A shift towards the planetary health diet would ensure the global food system. The diet can exist within planetary boundariess for food production such as those for climate change, biodiversity loss, land and freshwater use, as well as nutrient cycles.
Transformation of the global food system is urgently needed as more than 3 billion people are malnourished, and food production is exceeding planetary boundaries -- driving climate change, biodiversity loss, pollution due to over-application of nitrogen and phosphorus fertilisers, and unsustainable changes in water and land use.
Human diets inextricably link health and environmental sustainability, and have the potential to nurture both. However, current diets are pushing the Earth beyond its planetary boundaries, while causing ill health.
This puts both people and the planet at risk. Providing healthy diets from sustainable food systems is an immediate challenge as the population continues to grow -- projected to reach 10 billion people by 2050 -- and get wealthier.

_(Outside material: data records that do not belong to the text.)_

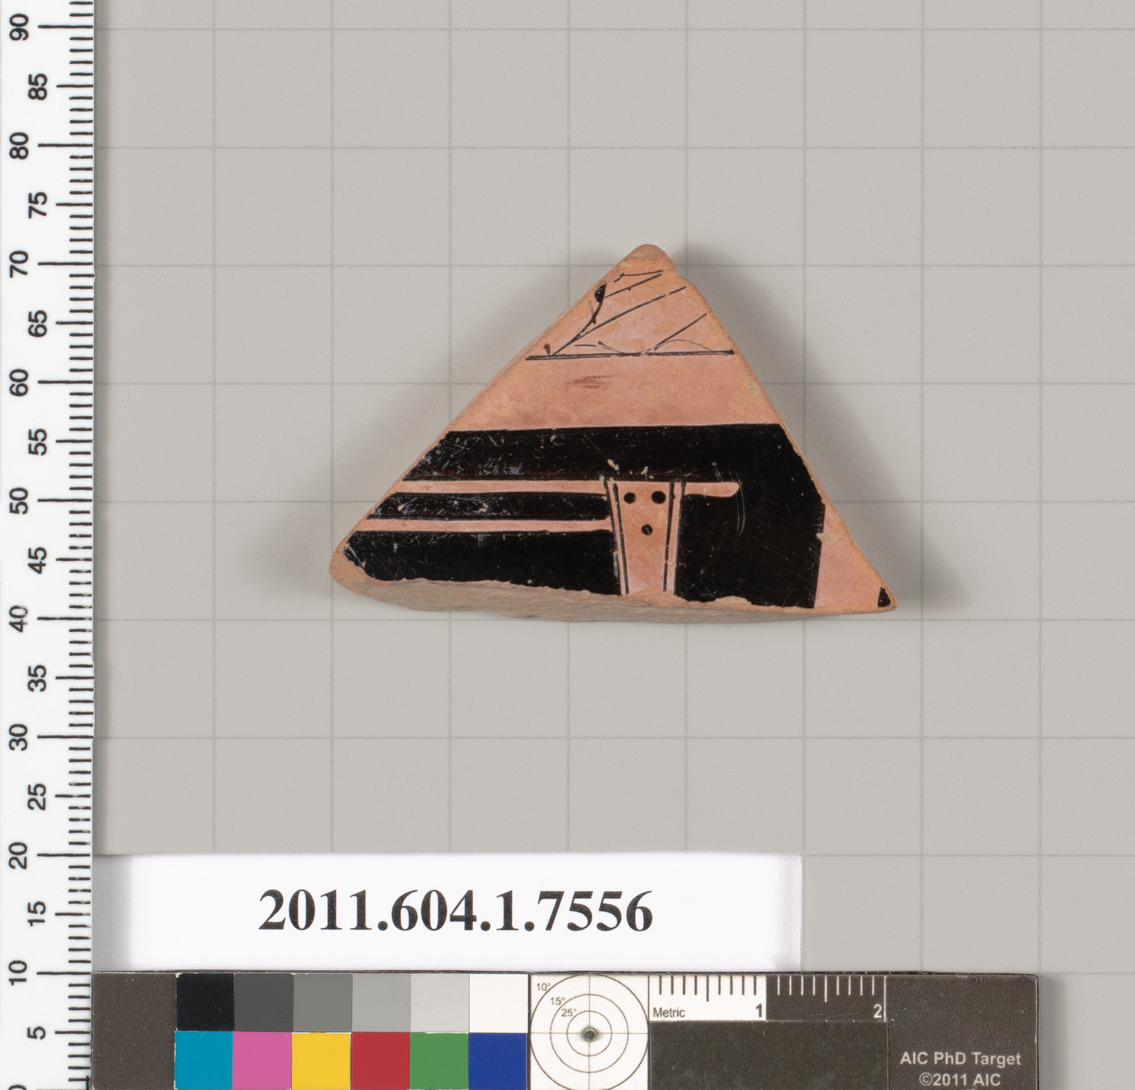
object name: kylix fragment
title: Terracotta fragment of a kylix (drinking cup)
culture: greek, attic
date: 460-450 BCE
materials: terracotta

"The food we eat and how we produce it determines the health of people and the planet, and we are currently getting this seriously wrong," said Tim Lang, of City, University of London in the UK.
"We need a significant overhaul, changing the global food system on a scale not seen before in ways appropriate to each country's circumstances," said Lang, one of the commission authors.
"The scientific targets we have devised for a healthy, sustainable diet are an important foundation which will underpin and drive this change," he said.
The Commission is a 3-year project that brings together 37 experts from 16 countries with expertise in health, nutrition, environmental sustainability, food systems, economics and political governance.